Materials and Methods

Hm-3 Production.

Hm-3 was produced recombinantly following a published procedure (27) as part of a fusion protein with thioredoxin, which was cleaved at methionine residues by cyanogen bromide (40). For NMR studies, 15N-labeled Hm-3 was produced. In this case, transformed Escherichia coli cells were first cultured in LB medium. Having reached the mid-log phase, the cells were pelleted and resuspended in the minimal growth medium M9 containing 1 mM MgSO4, 0.1 mM CaCl2, 0.2% glucose, 0.1% 15NH4Cl, 0.6% NaH2PO4, 0.3% K2HPO4, 0.05% NaCl, and 1 mM thiamine (pH 7.0). All other steps were carried out as with cold toxin.

Molecular Biology and Electrophysiology.

Materials and methods for mutagenesis, the NaV1.4 channel patch clamp in HEK293 cells, and the two-electrode voltage clamp of X. laevis are described by Zaharieva et al. (16) and in . Chimeric rat NaV1.4/KV2.1 constructs were generated as described by Bosmans et al. (29).

Oocytes for NaV1.4 expression work were isolated from adult female X. laevis in accordance with the UK Animal (Scientific Procedures) Act 1986 or the Animal Care and Use Committee of Johns Hopkins University.

VSD-I Sample Preparation and NMR Spectroscopy.

Samples of the unlabeled and 15N- and 13C,15N-labeled VSD-I were produced using a cell-free expression system in the insoluble form as described elsewhere (28, 41). The precipitate of the reaction mixture was solubilized in 500 μL of 20 mM Tris⋅HCl, 300 mM NaCl, and 10% DPC (pH 8.0), and purified by Ni2+ chromatography in 0.5% DPC. LDAO was added to the purified protein ().
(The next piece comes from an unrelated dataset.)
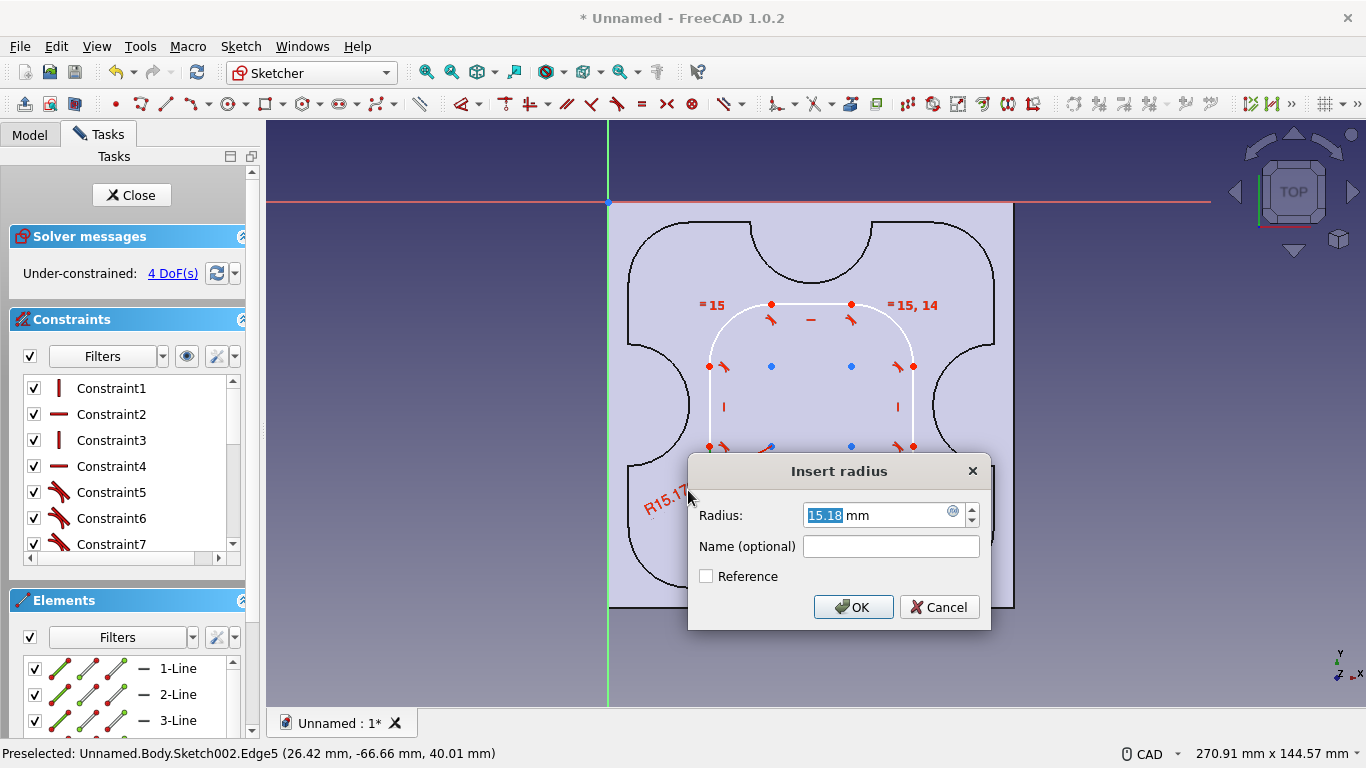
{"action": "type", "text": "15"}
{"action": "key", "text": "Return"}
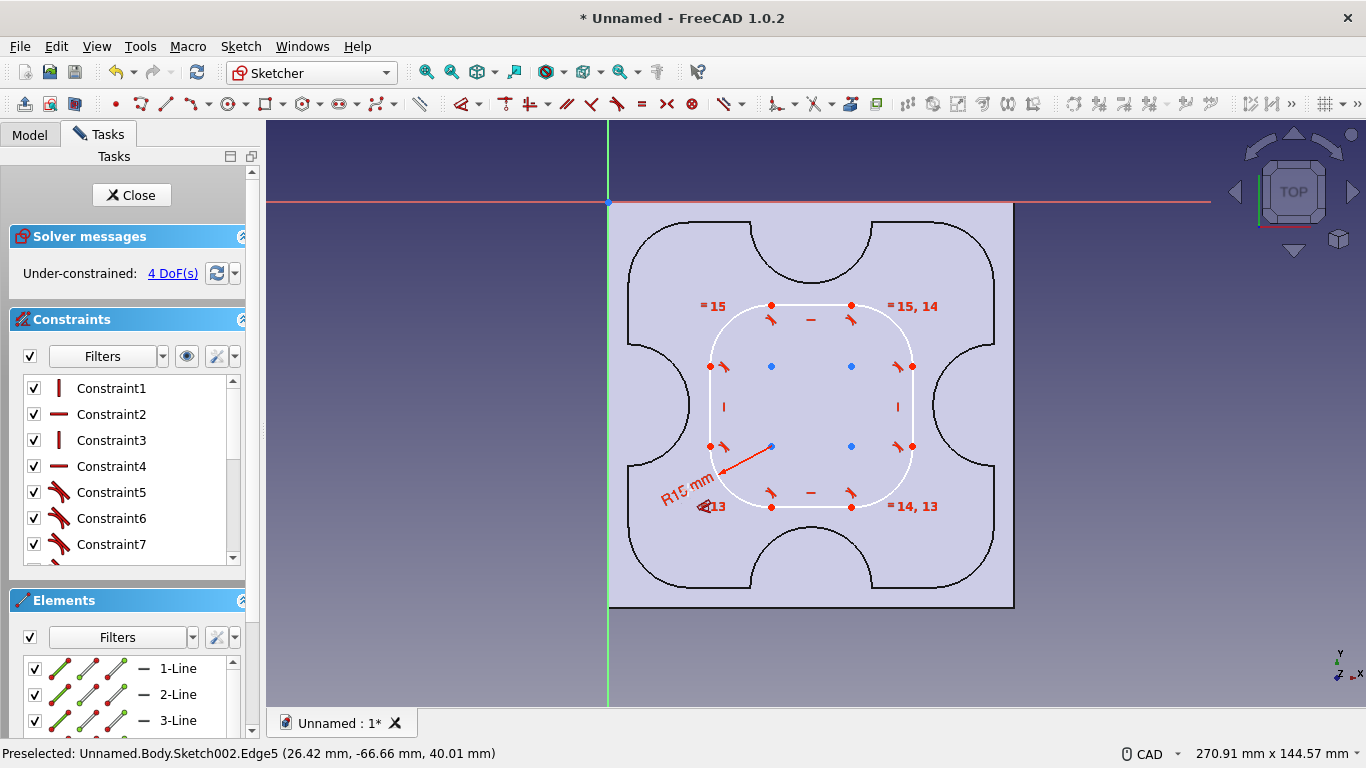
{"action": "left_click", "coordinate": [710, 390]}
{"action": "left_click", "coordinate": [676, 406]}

NMR spectra were recorded on Bruker Avance-III 600 and 800 spectrometers equipped with cryoprobes at pH 5.5 and 45 °C. 1H,15N-TROSY spectra were used to monitor binding of Hm-3 to 15N-labeled VSD-I and vice versa. Detergent concentration in the samples was kept constant during titrations. Equilibrium dissociation constants of Hm-3/micelle and Hm-3/VSD-I complexes (K and K, respectively) were determined from the chemical shift titration data assuming fast (on the NMR time scale) exchange of Hm-3 molecules between three different states (Fig. S7).

Computer Modeling.

Homology models of VSD-I in the up and down states were constructed using as a template the VSD-I from the cryo-EM structure of the NaVPaS channel (42) and the structures from the molecular dynamics (MD) trajectory of the KV1.2/2.1 chimeric channel (39), respectively. The recently published cryo-EM structure of the NaV1.4 channel from the electric eel was not used for the modeling because VSD-I is poorly resolved in this structure (43). The structural model of the Hm-3/VSD-I complex was generated with the HADDOCK2.2 web server (44).